Work request | When the data below is printed, every line must match exactly and the images must be absent.

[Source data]
··········

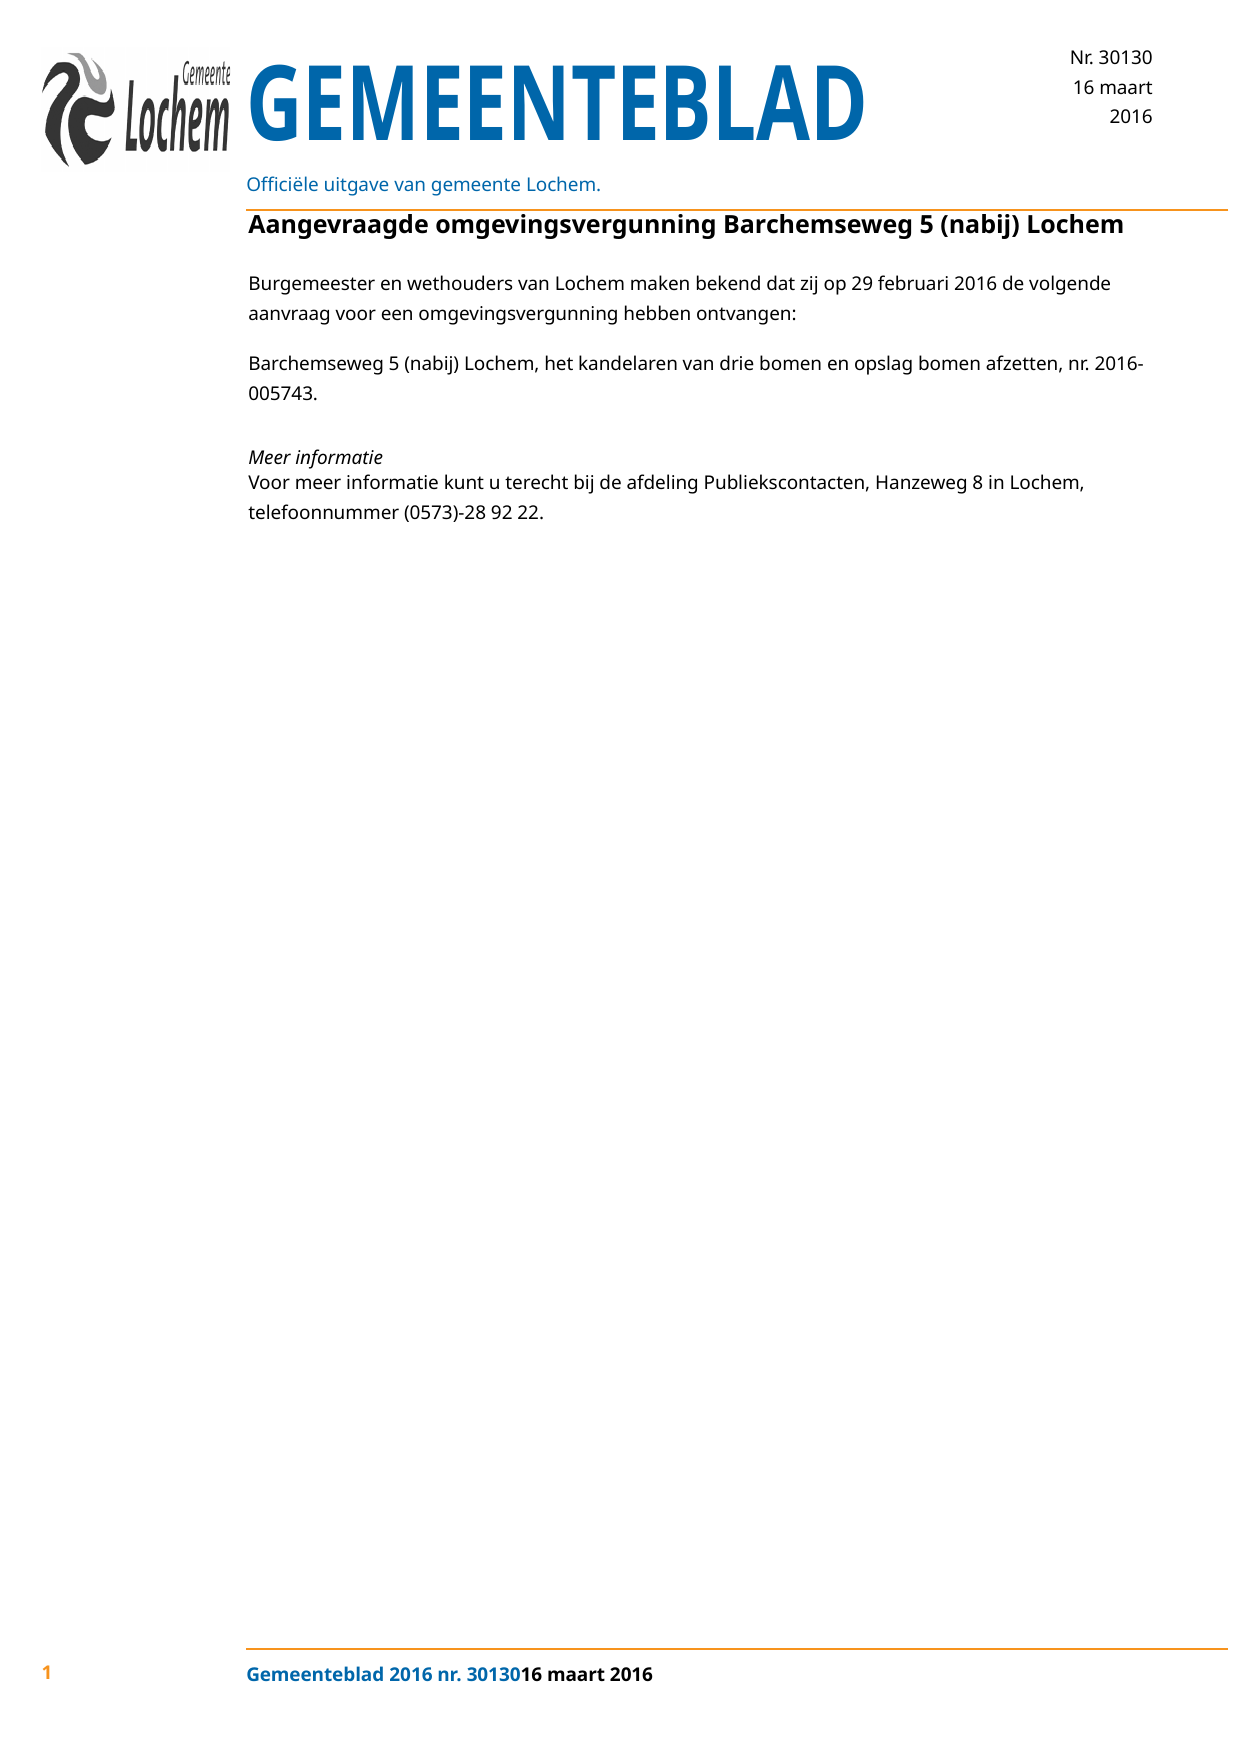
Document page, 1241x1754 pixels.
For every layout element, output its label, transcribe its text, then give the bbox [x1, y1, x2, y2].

text Meer informatie [248, 444, 1152, 469]
text Voor meer informatie kunt u terecht bij de afdeling Publiekscontacten, Hanzeweg 8 in Lochem, telefoonnummer (0573)-28 92 22. [248, 469, 1152, 525]
text Burgemeester en wethouders van Lochem maken bekend dat zij op 29 februari 2016 de volgende aanvraag voor een omgevingsvergunning hebben ontvangen: [248, 270, 1152, 326]
picture [41, 47, 231, 172]
text Aangevraagde omgevingsvergunning Barchemseweg 5 (nabij) Lochem [248, 211, 1152, 241]
text Barchemseweg 5 (nabij) Lochem, het kandelaren van drie bomen en opslag bomen afzetten, nr. 2016-005743. [248, 350, 1152, 406]

··········

Problem solution |
Document page, 1241x1754 pixels.
For every layout element, output its label, transcribe its text, then give the bbox [x1, y1, x2, y2].

text Meer informatie [248, 444, 1152, 469]
text Voor meer informatie kunt u terecht bij de afdeling Publiekscontacten, Hanzeweg 8 in Lochem, telefoonnummer (0573)-28 92 22. [248, 469, 1152, 525]
text Burgemeester en wethouders van Lochem maken bekend dat zij op 29 februari 2016 de volgende aanvraag voor een omgevingsvergunning hebben ontvangen: [248, 270, 1152, 326]
picture [41, 47, 231, 172]
text Aangevraagde omgevingsvergunning Barchemseweg 5 (nabij) Lochem [248, 211, 1152, 241]
text Barchemseweg 5 (nabij) Lochem, het kandelaren van drie bomen en opslag bomen afzetten, nr. 2016-005743. [248, 350, 1152, 406]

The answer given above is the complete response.